好きになるまで待ってなんていられない


長く待ったのだろうか。ねえ…何の為に来たのって聞いたら、なんて答えるだろう。なんて言ってくれるだろう。

少なくとも煙草に火をつけ、少しの間、吸うくらいの事はしただろう。奥の部屋だから端で外を向くように立てば、誰かに顔を見られるという事はなかっただろうけど、それでもそう長くは居られなかっただろう。…何本も火をつけたって事は無かっただろうか。吸い殻が落ちている訳じゃ無いから、そこまでは解らないけど。
こうして遭遇して聞かなかったら、きっと解らなかった行動だ。
自分からは言わないだろうし。

「まだ早い。日曜だからもっと寝てよう」

…。

「…うん」

「気持ちいい…」

「え?」

「あんたの身体。嵌まりがいい。
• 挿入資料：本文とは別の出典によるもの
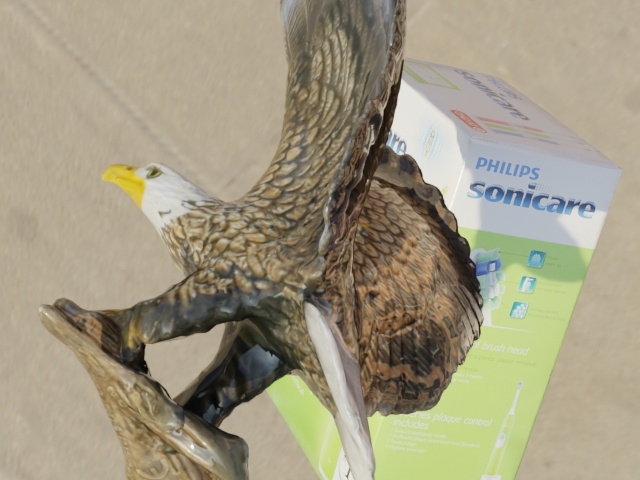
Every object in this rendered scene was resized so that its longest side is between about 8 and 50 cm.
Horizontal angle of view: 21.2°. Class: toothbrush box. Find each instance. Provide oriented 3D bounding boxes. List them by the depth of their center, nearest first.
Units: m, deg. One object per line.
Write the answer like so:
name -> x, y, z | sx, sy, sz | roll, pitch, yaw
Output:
toothbrush box -> 0.077, 0.034, 1.214 | 0.122, 0.206, 0.283 | 10, 109, -23

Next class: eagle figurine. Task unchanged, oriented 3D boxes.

こうやって腕の中に抱きしめるだろ?収まりがいいっていうのか、こう…すっぽり嵌まる感じ?あんた、抱き心地がいい…」

…馬鹿。そんな事よく言えるわね…ちょっと嬉しい…。でも、言い慣れてる言葉なの…?

「顔色いいな」

…顔をまた凄い近くで見てる。

「…夜、シャワーで済まさないで湯舟に浸かったから。よく眠れたからだと思う」

夢は見なかった。それは、この人に抱きしめられていたからかも知れない。

「…そうか」

…。

「…あんた、身体、熱くないか?」

…解ってしまいますよね?

「おい、ドキドキしてるぞ。凄く早くなった。俺まで一緒に振動しそうだ」

…馬鹿正直な身体だ。自分じゃない、誰とまでは知らなくても、熱が発してる理由は解ってて言ってる気がする。
口にしなくていい事を言って、私に何かを感じ取らせようとしているのだろうか。
馬鹿……、色々な意味でドキドキする事、言わないで欲しい。


「…俺と居るからか…」

髪を撫でる。

…そういう事にしてくれるの?それも間違いなくあるのよ?

「俺がドキドキしてる…」

「え?」

首を交差するようにして抱きしめる。身体の触れられる箇所全てで、抱きしめられている。
圧迫された頸動脈が脈打つのが解る。

「部屋に来て…居なかったらそれっきりだ。それ以上あんたを確認しようがない。手段が無い。
…鍵が開いてた、イコール、居ると思った。勝手に心配して、勝手に一先ず安心した。
ついでに…勝手に上がり込んで安全確認をした。脱いだ靴があった。部屋を荒らされている様子は無かった…あんたはベッドに居た。無防備な格好で。
どこかに飛び出した訳でも無かった。連れ去られてもいなかった。
俯せた身体は、冷たくなってなかった。あんたの身体は温かかった。安心した」

…ドキドキする。
この人のぶっきらぼうな言葉や仕草、行動に、私はいつもドキドキさせられていたんだ。
こんな話し方が出来るのは天性のモノなんだろう。凄くドキドキする。